Reflexive modules over the endomorphism algebras of reflexive trace ideals

TL;DR

This paper studies reflexive modules over endomorphism algebras of reflexive trace ideals in one-dimensional Cohen-Macaulay local rings, generalizing previous results and exploring conditions for finite representation type.

Contribution

It generalizes existing results on endomorphism algebras of maximal ideals and characterizes when the category of reflexive modules is of finite type.

Findings

Finite type category implies the ring is analytically unramified.

Finitely many Ulrich ideals in the ring under finite type conditions.

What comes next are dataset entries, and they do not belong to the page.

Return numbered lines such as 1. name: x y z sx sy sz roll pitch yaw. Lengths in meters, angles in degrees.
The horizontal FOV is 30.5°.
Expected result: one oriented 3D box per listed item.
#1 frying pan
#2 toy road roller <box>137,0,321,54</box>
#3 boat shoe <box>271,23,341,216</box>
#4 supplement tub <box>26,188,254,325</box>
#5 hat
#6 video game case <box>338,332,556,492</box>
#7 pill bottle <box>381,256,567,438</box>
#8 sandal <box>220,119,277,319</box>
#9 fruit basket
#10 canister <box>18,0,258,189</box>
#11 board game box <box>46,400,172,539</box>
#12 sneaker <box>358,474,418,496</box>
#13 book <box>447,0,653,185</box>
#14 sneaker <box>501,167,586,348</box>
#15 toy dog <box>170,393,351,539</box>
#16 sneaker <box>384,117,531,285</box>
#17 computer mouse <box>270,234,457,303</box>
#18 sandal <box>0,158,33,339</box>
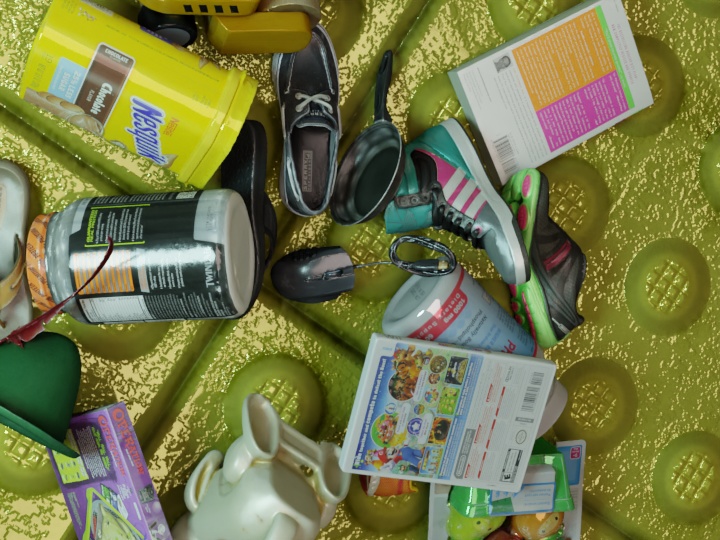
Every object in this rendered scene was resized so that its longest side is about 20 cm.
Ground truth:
1. frying pan: 0.008 -0.126 1.364 0.031 0.115 0.192 27 43 -30
2. toy road roller: -0.126 -0.290 1.249 0.197 0.146 0.125 -3 73 -20
3. boat shoe: -0.052 -0.156 1.338 0.071 0.068 0.203 2 94 -16
4. supplement tub: -0.207 -0.012 1.256 0.197 0.123 0.124 -2 97 8
5. hat: -0.293 0.064 1.244 0.166 0.198 0.178 44 67 -49
6. video game case: 0.088 0.145 1.319 0.197 0.018 0.145 10 106 -19
7. pill bottle: 0.124 0.089 1.392 0.200 0.109 0.109 44 83 -15
8. sandal: -0.109 -0.050 1.334 0.048 0.075 0.203 2 94 -42
9. fruit basket: 0.160 0.286 1.430 0.183 0.094 0.203 0 95 -16
10. canister: -0.213 -0.170 1.247 0.198 0.148 0.087 25 65 -13
11. board game box: -0.241 0.234 1.288 0.032 0.119 0.202 -21 95 -44
12. sneaker: 0.043 0.150 1.375 0.076 0.073 0.202 -3 128 -15
13. book: 0.209 -0.196 1.424 0.198 0.048 0.135 -27 105 -11
14. sneaker: 0.199 -0.019 1.427 0.083 0.077 0.202 -19 113 -20
15. toy dog: -0.116 0.260 1.310 0.139 0.195 0.200 30 121 -30
16. sneaker: 0.085 -0.055 1.353 0.120 0.084 0.201 -23 64 -7
17. computer mouse: 0.000 0.000 1.339 0.197 0.034 0.059 -9 105 17
18. sandal: -0.353 -0.006 1.272 0.079 0.054 0.203 3 95 -16

In Arf local rings with local normalization, only finitely many Ulrich ideals exist.

Abstract

In the present paper we investigate reflexive modules over the endomorphism algebras of reflexive trace ideals in a one-dimensional Cohen-Macaulay local ring. The main theorem generalizes both of the results of S. Goto, N. Matsuoka, and T. T. Phuong and T. Kobayashi concerning the endomorphism algebra of its maximal ideal. We also explore the question of when the category of reflexive modules is of finite type, i.e., the base ring has only finitely many isomorphism classes of indecomposable reflexive modules. We show that, if the category is of finite type, the ring is analytically unramified and has only finitely many Ulrich ideals. As a consequence, there are only finitely many Ulrich ideals are contained in Arf local rings once the normalization is a local ring.